- **Records shown**:
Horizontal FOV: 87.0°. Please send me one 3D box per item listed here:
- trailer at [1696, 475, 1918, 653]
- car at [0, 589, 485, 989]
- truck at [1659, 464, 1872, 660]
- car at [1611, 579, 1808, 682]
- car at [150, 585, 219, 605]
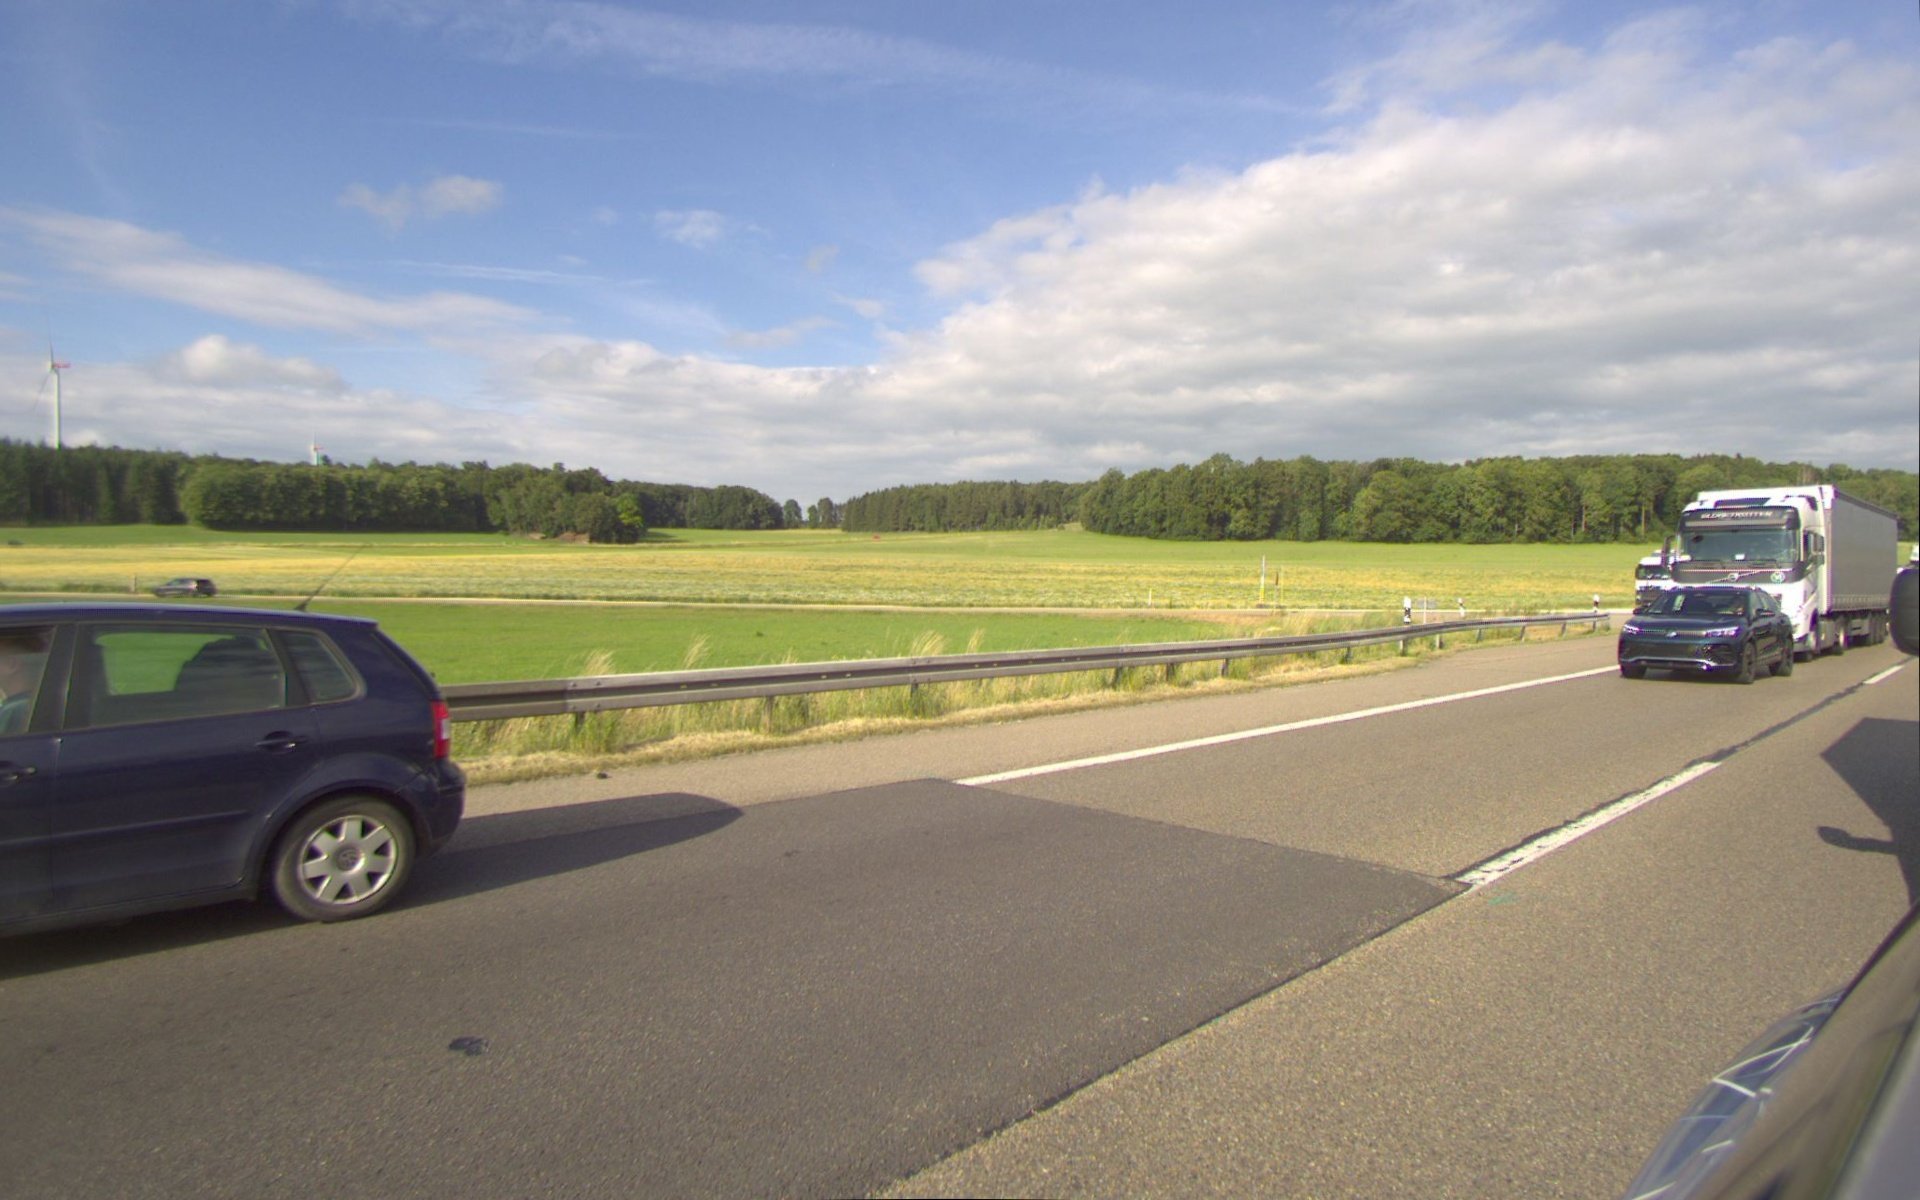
[{"bbox_3d":[23.639,-0.882,27.878,11.916,4.032,2.824,-1,0,-41],"label":"trailer"},{"bbox_3d":[-4.221,0.696,4.253,3.710,1.464,1.712,-1,1,-42],"label":"car"},{"bbox_3d":[19.298,-0.821,24.103,6.387,4.040,2.840,-1,0,-41],"label":"truck"},{"bbox_3d":[13.399,0.446,18.013,4.047,1.616,1.997,-1,1,-41],"label":"car"},{"bbox_3d":[-57.692,-0.386,75.284,4.154,1.505,1.832,0,0,12],"label":"car"}]

- **Task description**:
Would you copy every entry exactly as it stands, leaving out the pictures?

- **Result**:
Horizontal FOV: 87.0°. Please send me one 3D box per item listed here:
- trailer at [1696, 475, 1918, 653]
- car at [0, 589, 485, 989]
- truck at [1659, 464, 1872, 660]
- car at [1611, 579, 1808, 682]
- car at [150, 585, 219, 605]
[{"bbox_3d":[23.639,-0.882,27.878,11.916,4.032,2.824,-1,0,-41],"label":"trailer"},{"bbox_3d":[-4.221,0.696,4.253,3.710,1.464,1.712,-1,1,-42],"label":"car"},{"bbox_3d":[19.298,-0.821,24.103,6.387,4.040,2.840,-1,0,-41],"label":"truck"},{"bbox_3d":[13.399,0.446,18.013,4.047,1.616,1.997,-1,1,-41],"label":"car"},{"bbox_3d":[-57.692,-0.386,75.284,4.154,1.505,1.832,0,0,12],"label":"car"}]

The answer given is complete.